By Mark Casciari, Ben Conley and James Napoli

In its third lawsuit in as many months, the EEOC requested a temporary restraining order against the Honeywell International Inc. wellness program.  The EEOC alleged that the program violates the Americans with Disabilities Act (ADA) and the Genetic Information Nondiscrimination Act (GINA).  Honeywell’s wellness program appears to fall squarely within the legal parameters of HIPAA (as amended by the Affordable Care Act), the ADA and arguably GINA (and Honeywell has released a statement to this effect).  All three actions are commenced by the Chicago office of the EEOC.  This alert focuses on the Honeywell case; for a discussion of the two cases see our earlier blog post.

The EEOC alleges that Honeywell’s wellness program violates the ADA because the penalties for failure to participate render the program “involuntary.”  The EEOC alleges that the penalties could amount to $4,000 annually (depending on whether the individual has enrolled in self-only or family coverage).[1]  The EEOC alleges that half of this amount is a smoker surcharge (HIPAA “health-contingent” wellness), and the remainder results from failure to participate in the biometric screening (HIPAA “participation-only” wellness).

The EEOC also alleges that Honeywell’s wellness program violates GINA, because it offers employees an incentive to provide family medical history in connection with a wellness program.  According to the EEOC, Honeywell contributes to employee health savings accounts (HSAs) if the employee and his/her spouse go through the biometric screening, but it imposes a $1,000 surcharge if they do not.  Under GINA, genetic information includes information relating to a manifestation of a disease or disorder in family members.  The statute defines “family member” to include spouses, even though spouses are not genetically related.

On November 3, 2014, the district judge denied the EEOC’s request for a temporary restraining order.  The case now reverts back to the administrative charging process pursuant to which the EEOC will investigate the alleged unlawful practices and attempt to conciliate the matter.

The court action taken by the EEOC raises a number of issues that may be resolved during the administrative process or in subsequent litigation.  Some of the more pertinent issues raised in the EEOC v.
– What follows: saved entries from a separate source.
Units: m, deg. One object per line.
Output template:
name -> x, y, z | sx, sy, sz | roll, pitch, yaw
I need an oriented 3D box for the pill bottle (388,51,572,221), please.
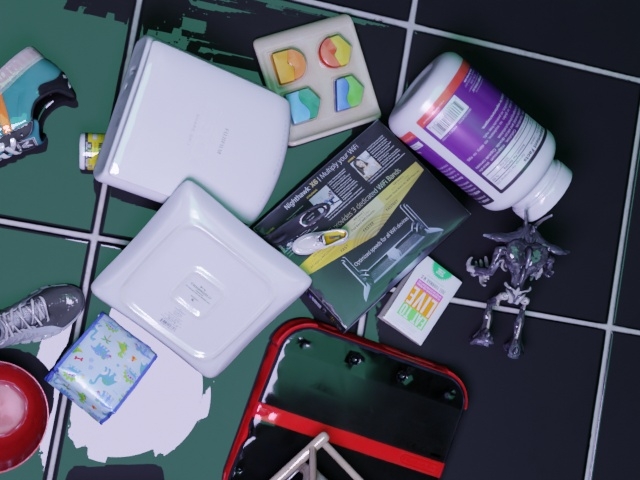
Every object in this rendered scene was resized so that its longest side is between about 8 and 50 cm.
pill bottle -> 0.294, -0.180, 1.611 | 0.323, 0.181, 0.181 | 38, 81, -9

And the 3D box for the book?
book -> 0.187, 0.110, 1.658 | 0.096, 0.035, 0.144 | 36, 80, -13

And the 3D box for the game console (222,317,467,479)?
game console -> 0.054, 0.349, 1.615 | 0.387, 0.060, 0.341 | 20, 90, -10

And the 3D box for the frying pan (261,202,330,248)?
frying pan -> -0.146, 0.012, 1.520 | 0.197, 0.053, 0.326 | 34, 108, -2

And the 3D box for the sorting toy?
sorting toy -> -0.003, -0.296, 1.623 | 0.193, 0.038, 0.208 | -19, 92, -12

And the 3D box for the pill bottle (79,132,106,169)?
pill bottle -> -0.355, -0.152, 1.529 | 0.117, 0.065, 0.065 | 0, 88, -14

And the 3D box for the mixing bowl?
mixing bowl -> -0.538, 0.283, 1.460 | 0.182, 0.098, 0.181 | 0, 88, -13

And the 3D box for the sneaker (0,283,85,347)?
sneaker -> -0.498, 0.139, 1.456 | 0.229, 0.132, 0.086 | -24, 93, -12

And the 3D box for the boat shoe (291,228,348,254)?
boat shoe -> 0.000, 0.000, 1.516 | 0.100, 0.035, 0.035 | -11, 79, -5

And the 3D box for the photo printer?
photo printer -> -0.200, -0.172, 1.509 | 0.308, 0.107, 0.255 | 21, 85, -30

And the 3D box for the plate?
plate -> -0.204, 0.082, 1.490 | 0.277, 0.045, 0.278 | 40, 110, -16

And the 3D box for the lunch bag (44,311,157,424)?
lunch bag -> -0.367, 0.212, 1.504 | 0.129, 0.096, 0.151 | 41, 52, -8

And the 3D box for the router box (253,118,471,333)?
router box -> 0.072, -0.026, 1.585 | 0.309, 0.081, 0.243 | -41, 84, -10

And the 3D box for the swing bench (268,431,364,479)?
swing bench -> -0.013, 0.513, 1.508 | 0.255, 0.165, 0.253 | -36, 108, 14

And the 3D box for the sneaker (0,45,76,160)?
sneaker -> -0.534, -0.178, 1.470 | 0.121, 0.108, 0.302 | 40, 79, -4

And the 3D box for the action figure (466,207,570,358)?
action figure -> 0.352, 0.069, 1.641 | 0.164, 0.141, 0.275 | 12, 102, -9
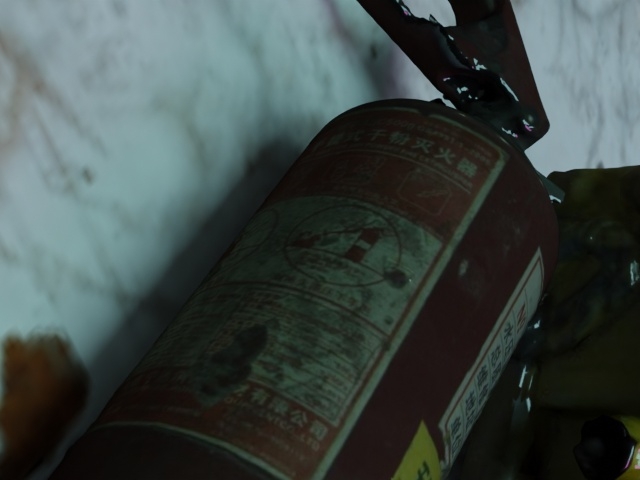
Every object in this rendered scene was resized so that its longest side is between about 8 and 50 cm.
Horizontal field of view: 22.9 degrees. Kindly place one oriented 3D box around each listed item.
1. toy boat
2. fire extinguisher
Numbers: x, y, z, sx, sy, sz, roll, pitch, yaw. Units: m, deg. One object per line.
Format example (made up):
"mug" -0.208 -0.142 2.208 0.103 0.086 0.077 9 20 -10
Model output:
"toy boat" 0.062 0.130 0.438 0.121 0.089 0.321 29 66 -47
"fire extinguisher" 0.007 0.002 0.382 0.252 0.075 0.106 -55 129 -39
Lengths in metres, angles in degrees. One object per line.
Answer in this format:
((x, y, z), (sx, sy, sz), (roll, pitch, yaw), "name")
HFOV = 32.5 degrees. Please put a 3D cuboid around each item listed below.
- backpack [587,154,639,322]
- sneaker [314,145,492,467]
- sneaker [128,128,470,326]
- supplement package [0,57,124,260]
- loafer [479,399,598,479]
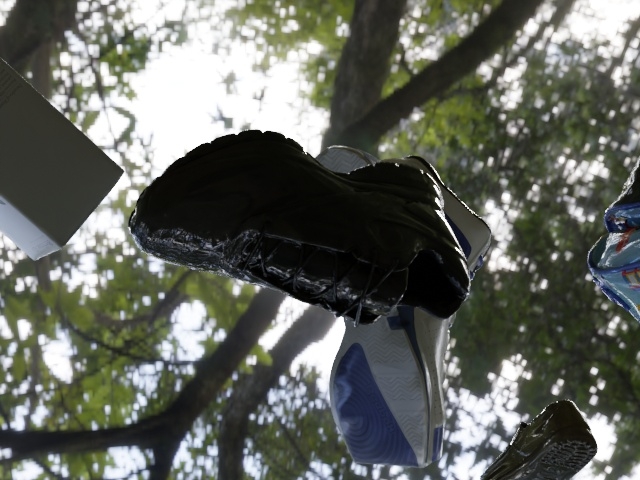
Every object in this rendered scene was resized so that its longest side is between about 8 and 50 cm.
((0.203, 0.019, 0.380), (0.173, 0.158, 0.117), (46, -115, -19), "backpack")
((0.099, 0.054, 1.075), (0.182, 0.316, 0.127), (-14, -171, -44), "sneaker")
((0.000, 0.000, 0.814), (0.286, 0.109, 0.130), (2, -137, -32), "sneaker")
((-0.301, -0.081, 1.066), (0.179, 0.105, 0.105), (43, -116, -17), "supplement package")
((0.179, 0.182, 0.910), (0.056, 0.148, 0.050), (24, -133, -15), "loafer")
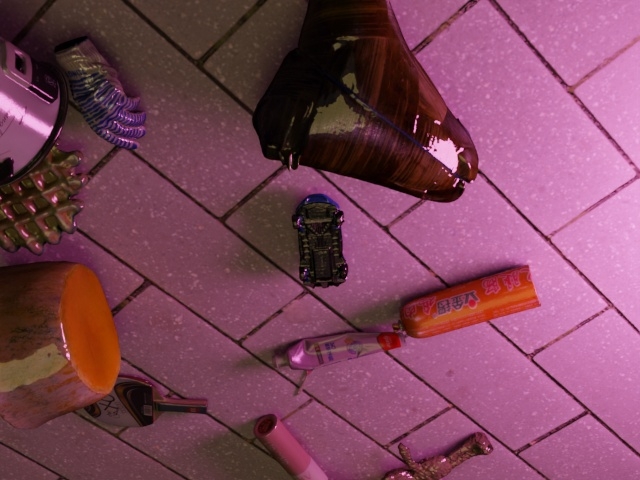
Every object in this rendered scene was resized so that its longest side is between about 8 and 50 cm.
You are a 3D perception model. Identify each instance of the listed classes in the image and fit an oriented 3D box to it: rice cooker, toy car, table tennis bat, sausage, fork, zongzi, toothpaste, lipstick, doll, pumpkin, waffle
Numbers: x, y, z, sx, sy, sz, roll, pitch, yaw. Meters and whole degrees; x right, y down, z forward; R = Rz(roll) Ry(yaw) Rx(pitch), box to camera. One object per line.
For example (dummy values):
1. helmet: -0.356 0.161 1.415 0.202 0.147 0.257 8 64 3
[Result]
1. rice cooker: -0.549 -0.220 1.320 0.241 0.280 0.227 -27 150 17
2. toy car: 0.000 0.000 1.614 0.103 0.063 0.216 -4 120 2
3. table tennis bat: -0.419 0.385 1.913 0.301 0.022 0.173 6 126 -2
4. sausage: 0.299 0.137 1.698 0.312 0.093 0.093 -18 124 12
5. fork: -0.035 0.325 1.879 0.016 0.012 0.115 17 129 -8
6. zongzi: 0.138 -0.291 1.345 0.404 0.208 0.432 16 112 -18
7. toothpaste: 0.041 0.244 1.802 0.301 0.048 0.075 -11 121 5
8. lipstick: -0.071 0.532 1.989 0.070 0.070 0.254 -24 122 16
9. doll: 0.291 0.577 2.027 0.286 0.091 0.202 -13 137 -4
10. pumpkin: -0.531 0.185 1.599 0.199 0.332 0.332 -20 124 5
11. waffle: -0.603 -0.107 1.534 0.309 0.056 0.291 19 123 -12

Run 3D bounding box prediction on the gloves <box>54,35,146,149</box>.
1. gloves: -0.386 -0.252 1.420 0.119 0.097 0.229 -1 138 38
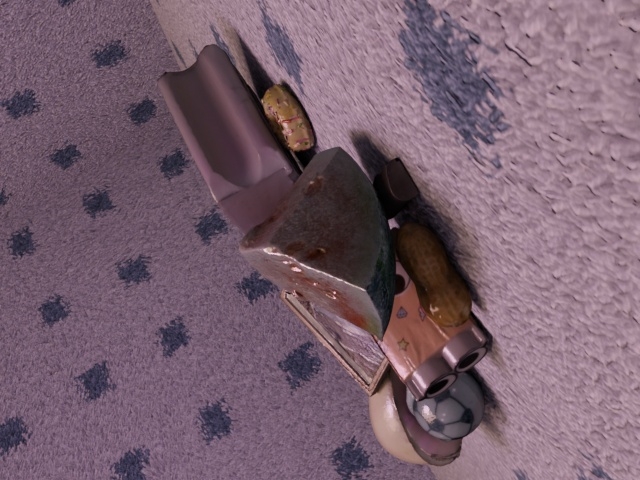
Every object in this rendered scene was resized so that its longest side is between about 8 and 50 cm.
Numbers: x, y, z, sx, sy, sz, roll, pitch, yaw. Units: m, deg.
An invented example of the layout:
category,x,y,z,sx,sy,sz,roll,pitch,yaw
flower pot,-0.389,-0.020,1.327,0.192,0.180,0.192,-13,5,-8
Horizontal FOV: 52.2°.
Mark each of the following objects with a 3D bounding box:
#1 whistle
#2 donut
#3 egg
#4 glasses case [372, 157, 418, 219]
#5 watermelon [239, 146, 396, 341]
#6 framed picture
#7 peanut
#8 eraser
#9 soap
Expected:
category,x,y,z,sx,sy,sz,roll,pitch,yaw
whistle,0.262,0.305,1.339,0.163,0.163,0.290,-131,33,-53
donut,-0.079,-0.280,1.521,0.175,0.068,0.174,59,173,12
egg,0.193,0.380,1.510,0.264,0.174,0.287,-21,-93,-55
glasses case,0.119,-0.083,1.126,0.190,0.042,0.072,116,130,-81
watermelon,-0.009,0.008,1.123,0.387,0.258,0.228,-106,7,-45
framed picture,0.045,0.143,1.426,0.335,0.022,0.247,44,132,28
peanut,0.184,0.054,1.081,0.193,0.089,0.089,64,172,-2
eraser,0.167,0.131,1.214,0.087,0.171,0.291,24,-155,-53
soap,-0.211,-0.247,1.730,0.435,0.212,0.350,61,-173,22

Honeywell case include:

1.  It appears that the program falls squarely within the parameters of the HIPAA nondiscrimination requirements (as amended by the Affordable Care Act).

Question Presented:  Is HIPAA compliance a safe harbor from ADA litigation?
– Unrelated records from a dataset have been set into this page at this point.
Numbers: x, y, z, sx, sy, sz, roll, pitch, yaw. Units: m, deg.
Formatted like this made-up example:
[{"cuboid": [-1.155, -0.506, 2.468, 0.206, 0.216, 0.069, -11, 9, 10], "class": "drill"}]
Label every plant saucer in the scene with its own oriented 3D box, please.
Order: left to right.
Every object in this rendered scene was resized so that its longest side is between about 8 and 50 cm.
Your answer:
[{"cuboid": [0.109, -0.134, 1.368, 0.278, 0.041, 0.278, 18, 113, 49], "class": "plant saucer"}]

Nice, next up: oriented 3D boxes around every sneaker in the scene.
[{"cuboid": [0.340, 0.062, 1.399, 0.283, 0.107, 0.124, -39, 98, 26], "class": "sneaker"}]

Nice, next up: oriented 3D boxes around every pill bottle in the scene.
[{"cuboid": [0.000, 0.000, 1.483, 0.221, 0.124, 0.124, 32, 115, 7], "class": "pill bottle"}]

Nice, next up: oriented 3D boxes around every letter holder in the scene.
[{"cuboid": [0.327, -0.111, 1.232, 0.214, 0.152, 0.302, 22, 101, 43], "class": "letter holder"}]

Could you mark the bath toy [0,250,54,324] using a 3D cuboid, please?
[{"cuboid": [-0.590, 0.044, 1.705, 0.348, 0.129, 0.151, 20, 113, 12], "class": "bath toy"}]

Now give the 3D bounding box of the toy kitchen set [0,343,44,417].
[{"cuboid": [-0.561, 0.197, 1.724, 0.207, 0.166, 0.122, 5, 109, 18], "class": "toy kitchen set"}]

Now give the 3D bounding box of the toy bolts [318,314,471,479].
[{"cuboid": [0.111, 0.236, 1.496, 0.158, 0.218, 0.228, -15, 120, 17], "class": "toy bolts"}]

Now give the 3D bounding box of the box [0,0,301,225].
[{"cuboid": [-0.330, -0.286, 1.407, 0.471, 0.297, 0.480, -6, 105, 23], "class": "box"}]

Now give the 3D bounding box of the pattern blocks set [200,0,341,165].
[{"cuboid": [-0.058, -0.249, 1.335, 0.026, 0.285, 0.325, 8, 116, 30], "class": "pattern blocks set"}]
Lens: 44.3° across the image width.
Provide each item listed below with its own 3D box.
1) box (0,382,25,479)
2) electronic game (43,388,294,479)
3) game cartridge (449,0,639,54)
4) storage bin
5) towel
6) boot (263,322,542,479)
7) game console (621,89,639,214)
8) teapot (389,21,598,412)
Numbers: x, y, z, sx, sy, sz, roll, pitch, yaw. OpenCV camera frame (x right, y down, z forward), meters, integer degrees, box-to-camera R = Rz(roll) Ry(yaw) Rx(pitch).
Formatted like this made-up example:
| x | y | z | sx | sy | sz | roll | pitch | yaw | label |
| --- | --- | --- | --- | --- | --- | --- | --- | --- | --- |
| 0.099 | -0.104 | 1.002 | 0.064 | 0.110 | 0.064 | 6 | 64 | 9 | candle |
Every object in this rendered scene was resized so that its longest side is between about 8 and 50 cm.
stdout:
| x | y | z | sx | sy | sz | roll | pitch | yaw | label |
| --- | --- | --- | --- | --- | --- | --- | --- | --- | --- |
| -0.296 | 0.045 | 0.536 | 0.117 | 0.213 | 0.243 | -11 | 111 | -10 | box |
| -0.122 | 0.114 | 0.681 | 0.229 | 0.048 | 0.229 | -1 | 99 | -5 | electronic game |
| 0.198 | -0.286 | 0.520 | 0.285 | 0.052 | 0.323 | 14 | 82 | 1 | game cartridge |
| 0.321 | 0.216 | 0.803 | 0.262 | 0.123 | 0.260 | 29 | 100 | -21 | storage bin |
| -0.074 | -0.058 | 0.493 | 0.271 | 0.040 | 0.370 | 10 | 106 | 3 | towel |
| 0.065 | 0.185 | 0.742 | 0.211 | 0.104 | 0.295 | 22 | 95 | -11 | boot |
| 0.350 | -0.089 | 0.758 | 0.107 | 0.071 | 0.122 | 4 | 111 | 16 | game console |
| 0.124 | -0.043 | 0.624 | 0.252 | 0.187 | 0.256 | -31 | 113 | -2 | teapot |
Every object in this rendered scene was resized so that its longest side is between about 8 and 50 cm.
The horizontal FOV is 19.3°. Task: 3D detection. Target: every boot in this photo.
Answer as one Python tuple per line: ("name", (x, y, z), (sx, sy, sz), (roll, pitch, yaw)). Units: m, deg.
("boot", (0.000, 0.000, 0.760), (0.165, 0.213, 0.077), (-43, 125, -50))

2.  As noted in our earlier post, the ADA contains a safe harbor for wellness programs that are part of a bona fide benefit plan.  The Court of Appeals for the Eleventh Circuit, in Seff v. Broward County, 691 F.3d 1221 (11th Cir. 2012), relied on the ADA safe harbor to uphold a “participation-only” wellness program.  The EEOC now argues that ’s memorandum of law argues the Seff decision was misguided and inconsistent with the legislative history and purpose of the safe harbor provision.

Question Presented:  Does the ADA benefit plan safe harbor have the meaning afforded to it by the Eleventh Circuit?

3.   The EEOC has staked out a hyper-overly technical stance on GINA that goes far beyond the abuses GINA was intended to guard against.  No genetic information (in the literal sense) can be gleaned from combining the medical information of an employee and his or her spouse (i.e., the combined medical information does not equate to “family medical history”).  Moreover, the employer in this instance does not have access to the specific medical information being collected under the wellness program.

Question Presented:  Can GINA be used to undermine HIPAA-compliant wellness programs?

4.  The EEOC’s actions in this case fall outside of its regulatory mandate.  Guidance is to be issued by the Congressionally confirmed Commissioners and not from an EEOC litigator in a field office.  If the EEOC continues down this path, employers will be left with a patchwork of case law that will not guarantee a uniform system of rules and regulations as is envisioned under the EEOC’s charter and required with respect to all benefit programs.

We will continue to monitor developments in EEOC v. Honeywell as well as the fallout caused by the case that is already beginning to be felt in the nation’s capital.


 

[1] It should be noted that the facts recited in this blog are taken from the EEOC’s court filing, and may not be entirely accurate.